Developing in APEX
I see 3 possible ways to develop in APEX.
- Packaged Code: PL/SQL - With this method you take, possibly, an existing application and "skin" it with APEX. Using APEX's built in Form based on a Procedure wizard, this is quick and painless. You spend most of your time just moving buttons around to suit your needs. Maybe I've been reading AskTom for too long, but that's the general approach I take.
- Declarative - Using all the built-in functionality of APEX which creates all kinds of objects (triggers for example) that will be managed by APEX. This is probably most geared towards the power users who don't yet have the ability to write a lot of PL/SQL but have a pretty good understanding of building an application.
- Hybrid - This approach mixes and matches the 2 previous approaches.
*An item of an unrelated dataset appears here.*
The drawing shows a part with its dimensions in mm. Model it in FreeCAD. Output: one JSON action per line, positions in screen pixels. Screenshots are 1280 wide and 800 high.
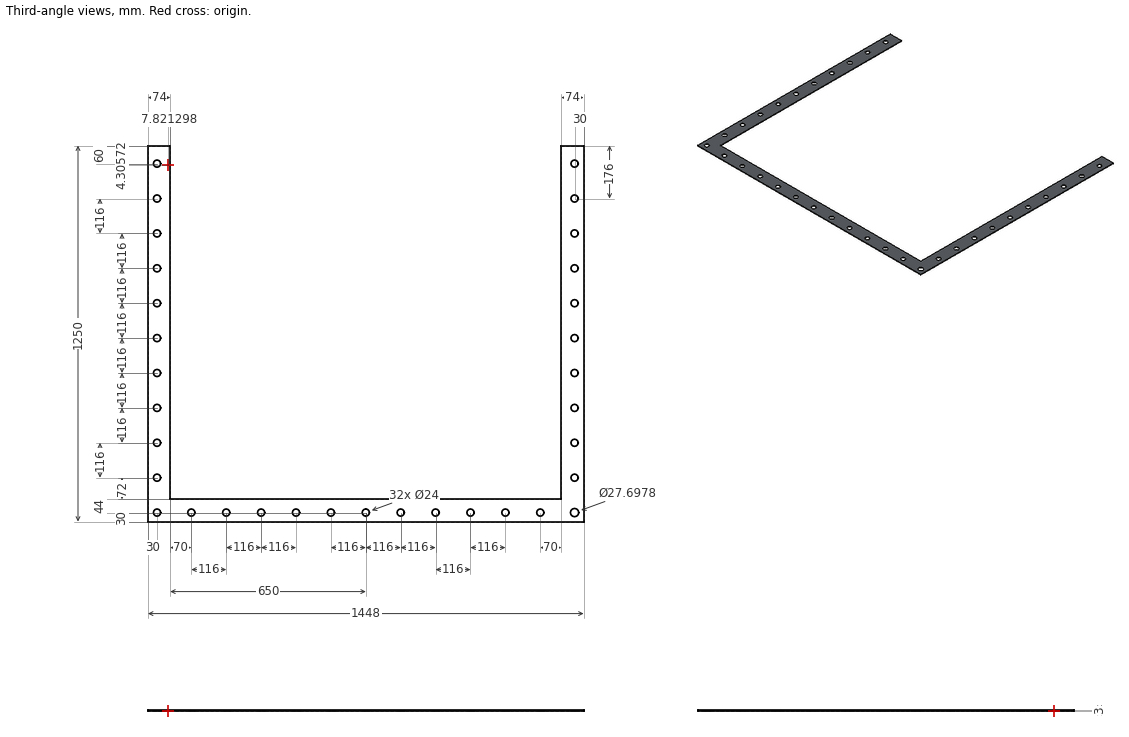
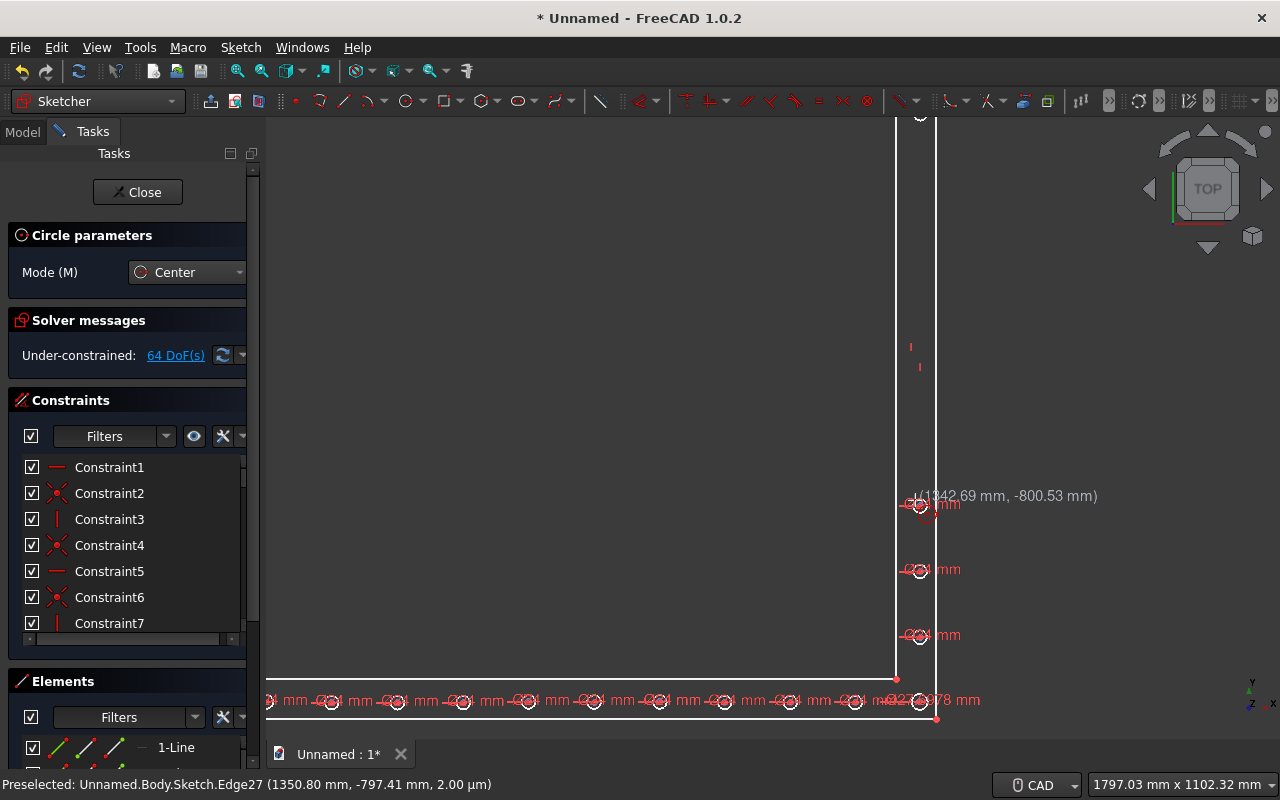
{"action": "scroll", "coordinate": [920, 440], "scroll_direction": "up", "scroll_amount": 7}
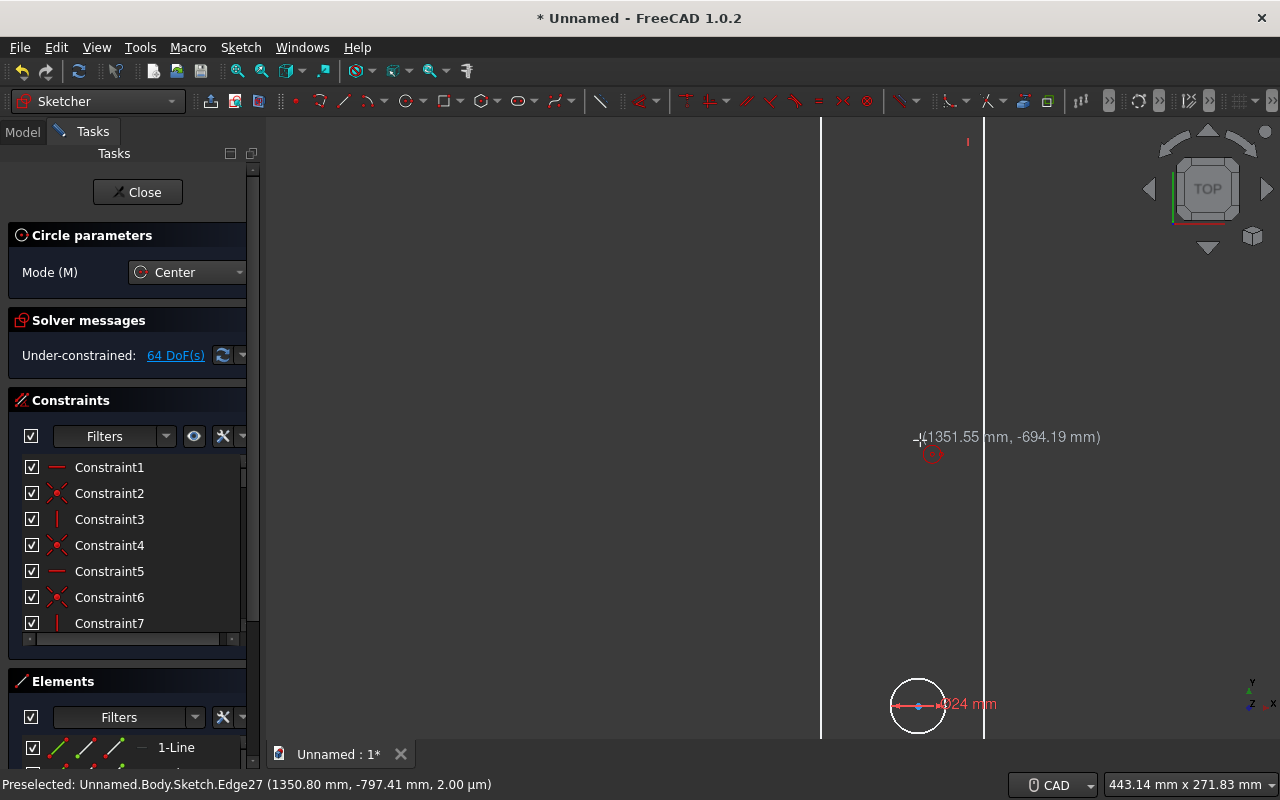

You use packaged code for the bulk of your application and the declarative functionality within APEX for everything else. For example, the multi row INSERT/UPDATE/DELETE. I can write that whole thing out using TYPEs in PL/SQL, populate an APEX collection, convert that collection to a TYPE and then pass that TYPE back to PL/SQL...but do I want to? It saves a boat load of time to use the built-in features. Ultimately it depends, of course, on many different factors.
I think I will always prefer #1...like I said, I read AskTom for years, mostly for kicks.
Mr. Kyte on where to put data, in the DB or in the web tier:
They belong right next to the data - allows you flexible access to the data - you can build a new application WITHOUT reinventing all of that stuff.
where does the logic to display a bunch of numbers in a pie chart belong? In the application.
where does the logic to ensure that if X=0, then Y must be >= 0? That belongs right next to the data.
So, programming logic - some of it in the application - user interface code, user interaction code, error handling, display of data, report generation - in the application.
Much of it in the database - security, access control, data integrity.
I love APEX, but will it be around forever?